A moon bright enough to cast sharp shadows and a star-filled sky. Wonderful trip toys.



There was, however, one downside to this blast of cosmic splendour. We’d be standing, staring into the depths of space, a fractal tracery of light unfolding on the black velvet that covered the land before us...



...and this <expletive deleted> ice-cream van would switch on its jingle in the town below the hill. A scratchy, tinny rendition of “Whistle While You Work” was broadcast at ear-splitting volume. And high-frequency sound carries a long way. It cracked us up every time.



It took a little while to scrabble back down the mountain in the dark, but we had a good torch and most of our faculties back to useful states. Strangely, it was easy to concentrate hard enough to get down a fairly steep muddy slope intact, but when we got to the car and sat down, it only took a couple of minutes for the trip to ‘return’. I cranked the chair back, opened the sunroof and all the doors and listened to the evening sounds.



As before, I came back with sore cheek muscles from grinning madly when I wasn’t actually laughing. As before, no appetite on the trip, nor for some while after it.
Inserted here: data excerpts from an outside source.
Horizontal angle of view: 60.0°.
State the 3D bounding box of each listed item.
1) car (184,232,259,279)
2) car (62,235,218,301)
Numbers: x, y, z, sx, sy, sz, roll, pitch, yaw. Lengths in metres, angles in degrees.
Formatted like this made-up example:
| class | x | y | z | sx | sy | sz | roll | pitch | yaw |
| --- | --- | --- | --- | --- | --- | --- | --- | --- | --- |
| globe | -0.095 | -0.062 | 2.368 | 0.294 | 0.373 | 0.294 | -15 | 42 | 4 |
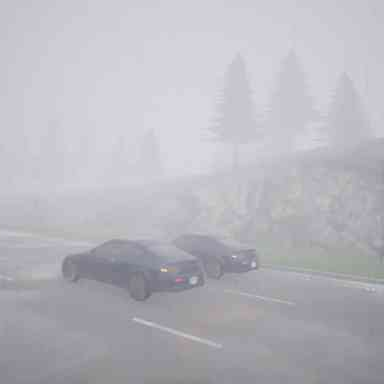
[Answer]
| class | x | y | z | sx | sy | sz | roll | pitch | yaw |
| --- | --- | --- | --- | --- | --- | --- | --- | --- | --- |
| car | 0.204 | 2.235 | 12.450 | 4.674 | 1.442 | 1.812 | 0 | -4 | 37 |
| car | -1.802 | 2.005 | 9.587 | 4.674 | 1.442 | 1.812 | 0 | -4 | 37 |

When I did decide to eat something, it seemed to have almost no flavour. No more tired than you’d expect from a three hour walk over rough paths. No nausea for either of us. A seems to be more susceptible to this than I seem to, although we’re not sure if it’s just the anticipation, mild nervousness and adrenalin rush that triggers it. It’s never been severe, and it’s never lasted very long. No great personal insights, just a damn fine way to spend a Saturday afternoon.